Ancient Authorities.—(I.) For the earliest periods of Greek history, the so-called Minoan and Mycenaean, the evidence is purely archaeological. It is sufficient here to refer to the article [Aegean Civilization]. For the next period, the Heroic or Homeric Age, the evidence is derived from the poems of Homer. In any estimate of the value of these poems as historical evidence, much will depend upon the view taken of the authorship, age and unity of the poems. For a full discussion of these questions see [Homer]. It cannot be questioned that the poems are evidence for the existence of a period in the history of the Greek race, which differed from later periods in political and social, military and economic conditions. But here agreement ends. If, as is generally held by German critics, the poems are not earlier than the 9th century, if they contain large interpolations of considerably later date and if they are Ionian in origin, the authority of the poems becomes comparatively slight. The existence of different strata in the poems will imply the existence of inconsistencies and contradictions in the evidence; nor will the evidence be that of a contemporary. It will also follow that the picture of the heroic age contained in the poems is an idealized one. The more extreme critics, e.g. Beloch, deny that the poems are evidence even for the existence of a pre-Dorian epoch. If, on the other hand, the poems are assigned to the 11th or 12th century, to a Peloponnesian writer, and to a period anterior to the Dorian Invasion and the colonization of Asia Minor (this is the view of the late Dr D. B. Munro), the evidence becomes that of a contemporary, and the authority of the poems for the distribution of races and tribes in the Heroic Age, as well as for the social and political conditions of the poet’s time, would be conclusive. Homer recognizes no Dorians in Greece, except in Crete (see Odyssey, xix. 177), and no Greek colonies in Asia Minor. Only two explanations are possible. Either there is deliberate archaism in the poems, or else they are earlier in date than the Dorian Invasion and the colonization of Asia Minor.

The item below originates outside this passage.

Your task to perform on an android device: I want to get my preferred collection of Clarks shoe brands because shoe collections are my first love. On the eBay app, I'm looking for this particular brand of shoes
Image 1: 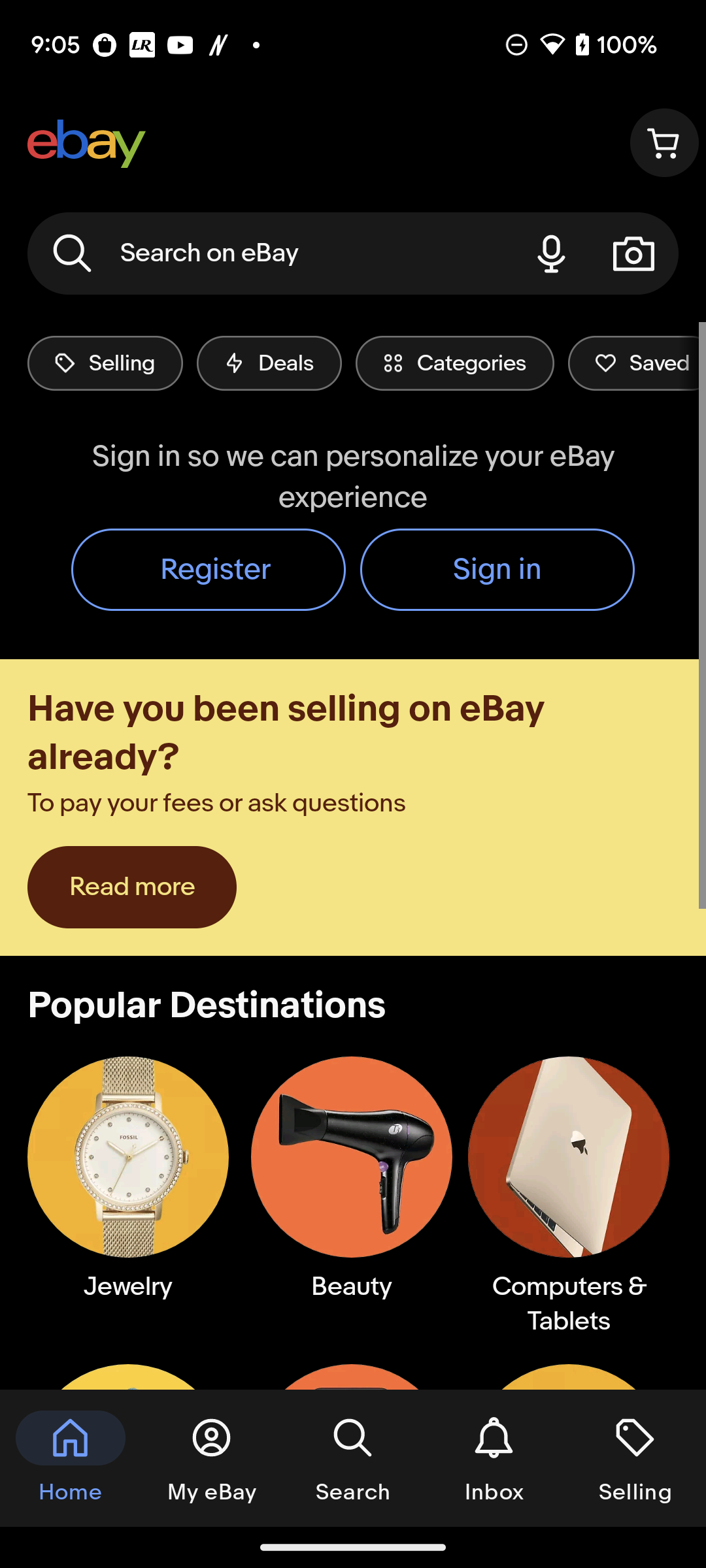
Click on the search icon at the top left of the screen
Step 1: click (270, 253)
Image 2: 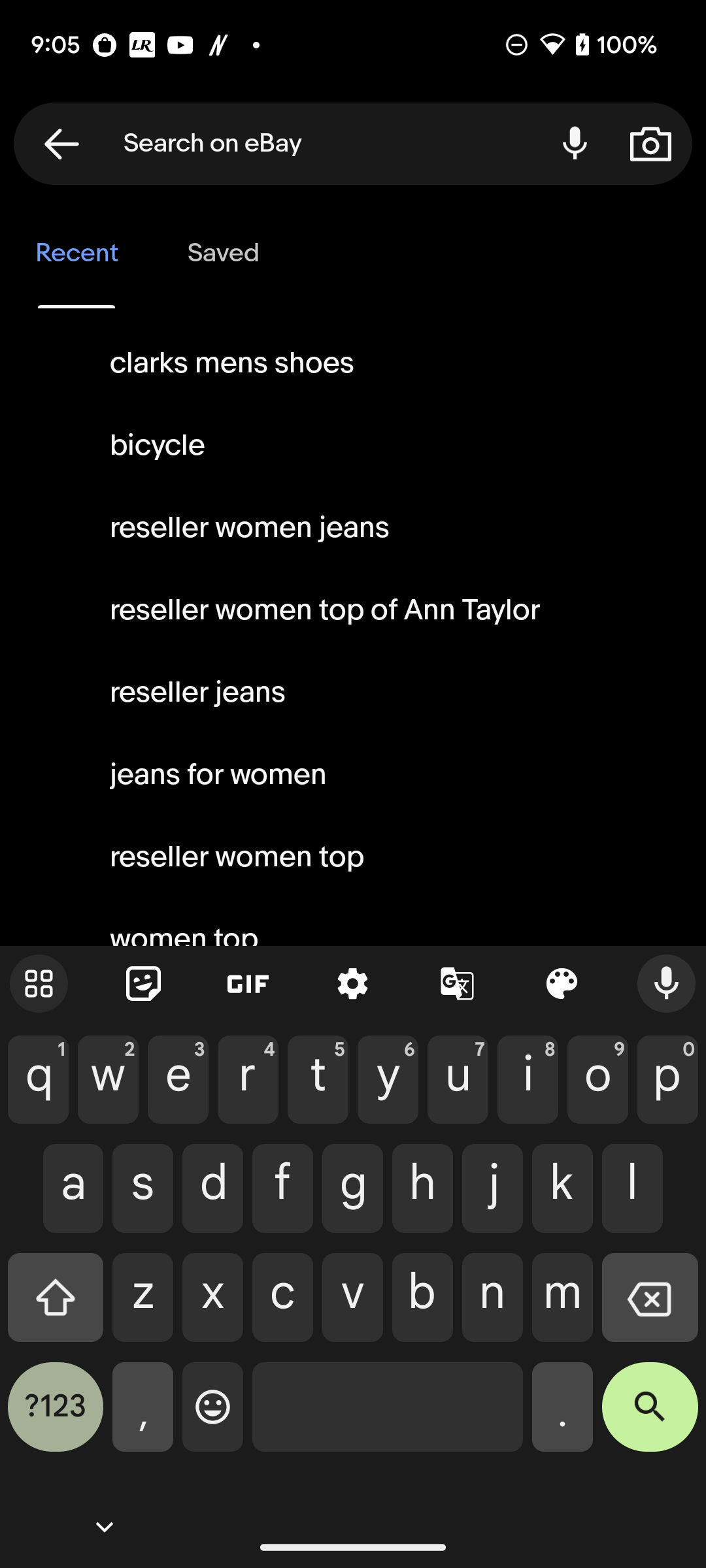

II. For the period that extends from the end of the Heroic Age to the end of the Peloponnesian War[27] the two principal authorities are Herodotus and Thucydides. Not only have the other historical works which treated of this Herodotus. period perished (those at least whose date is earlier than the Christian era), but their authority was secondary and their material chiefly derived from these two writers. In one respect then this period of Greek history stands alone. Indeed, it might be said, with hardly an exaggeration, that there is nothing like it elsewhere in history. Almost our sole authorities are two writers of unique genius, and they are writers whose works have come down to us intact. For the period which ends with the repulse of the Persian invasion our authority is Herodotus. For the period which extends from 478 to 411 we are dependent upon Thucydides’. In each case, however, a distinction must be drawn. The Persian Wars form the proper subject of Herodotus’s work; the Peloponnesian War is the subject of Thucydides. The interval between the two wars is merely sketched by Thucydides; while of the period anterior to the conflicts of the Greek with the Persian, Herodotus does not attempt either a complete or a continuous narrative. His references to it are episodical and accidental. Hence our knowledge of the Persian Wars and of the Peloponnesian War is widely different in character from our knowledge of the rest of this period. In the history of these wars the lacunae are few; in the rest of the history they are alike frequent and serious. In the history, therefore, of the Persian and Peloponnesian Wars little is to be learnt from the secondary sources. Elsewhere, especially in the interval between the two wars, they become relatively important.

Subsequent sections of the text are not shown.